Because brands have been typically tied to one-way communication models, their voice focuses mainly on the sales channel, rather than the community. Social media has done much to change this dynamic. However, the “corporate experience” is still the first door a customer or new prospect usually must travel through. And in order to better that overall appearance and allow the “softer” side to shine through, companies are integrating corporate social responsibility (CSR) efforts into their brand marketing.
However, the public or employees often don’t really see or understand what’s going on behind the scenes at a company. Keep in mind: Not only your employees, but your customers are your greatest sales people. Ensuring that they understand what you are doing holistically with your corporate social responsibility efforts is key to growing as a brand.
As you’ve learned from countless articles you’ve read, transparency and full disclosure are key to creating a stronger, more efficient social business. And thanks to social media culture, companies recognize the need for a stronger, more public social responsibility strategy. The social media spotlight garners accolades and new business for companies that give back. All the more reason to create a strong corporate social responsibility strategy. Here are five steps to help develop a corporate social responsibility strategy using social media:
1. Lead from the top.
You must have a long-term vision and commitment from the executive level when building your CSR program. Having C-level buy-in can also greatly enhance overall brand positioning and provide your supporters the opportunity to engage and promote your brand’s activity with no doubt lingering.
Blake Mycoskie, CEO of Toms Shoes, is a great example of a strong leader.

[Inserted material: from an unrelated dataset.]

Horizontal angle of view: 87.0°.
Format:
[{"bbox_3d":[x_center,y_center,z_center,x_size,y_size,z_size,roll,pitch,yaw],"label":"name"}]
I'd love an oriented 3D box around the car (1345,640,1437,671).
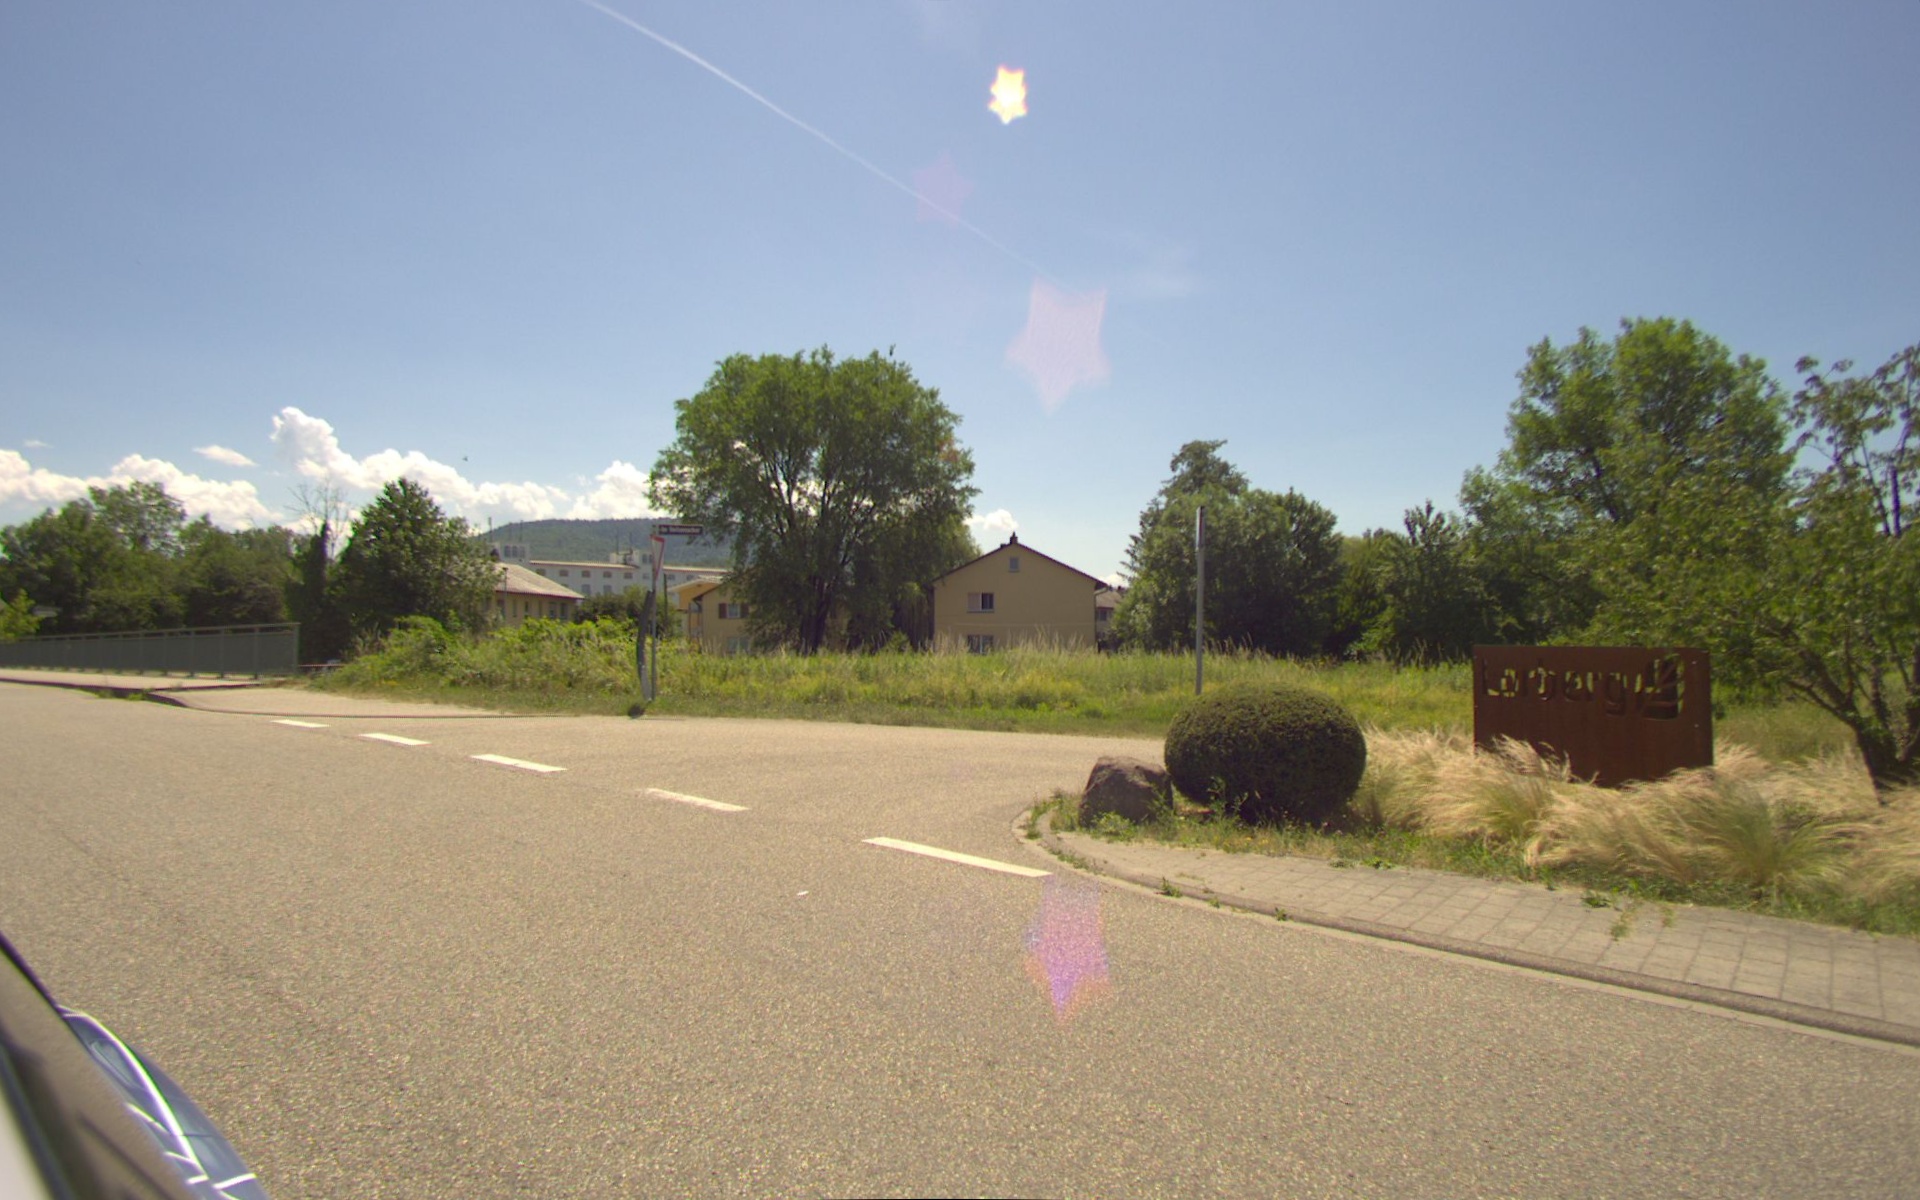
[{"bbox_3d":[23.017,2.973,54.141,3.940,1.608,2.002,0,-3,-4],"label":"car"}]

He readily uses Twitter to spread the word of the brand and his story. It already had a unique approach to CSR molded into its business model: Through its One for One Movement, Toms Shoes donates one pair of shoes to a child in need every time a customer buys a pair.
2. Always be listening and learning.
Your brand must constantly monitor and listen to the needs of the communities where you do business and then determine the most suitable approach to address their social issues. Whether it’s providing assistance to homeless, by being present at food banks, building homes, or helping educators by donating materials, time, or even money – all of this helps to humanize the brand while strengthening the community at the same time.
By searching Twitter using hashtags such as #CSR, #sustainability, or doing some Google searches around CSR, you will discover some great examples on how you can incorporate a well-thoughtout CSR strategy for your brand and socialize it.
Companies must leverage social media to encourage users to also take part, while promoting your own brand’s initiatives. Yahoo runs a campaign called “How Good Grows”, a crowdsourcing initiative as part of its CSR efforts; users and employees share random acts of kindness and filter it out through their respective Yahoo, Facebook, and Twitter profiles, allowing others to engage (share, comment, or like) with the posted act.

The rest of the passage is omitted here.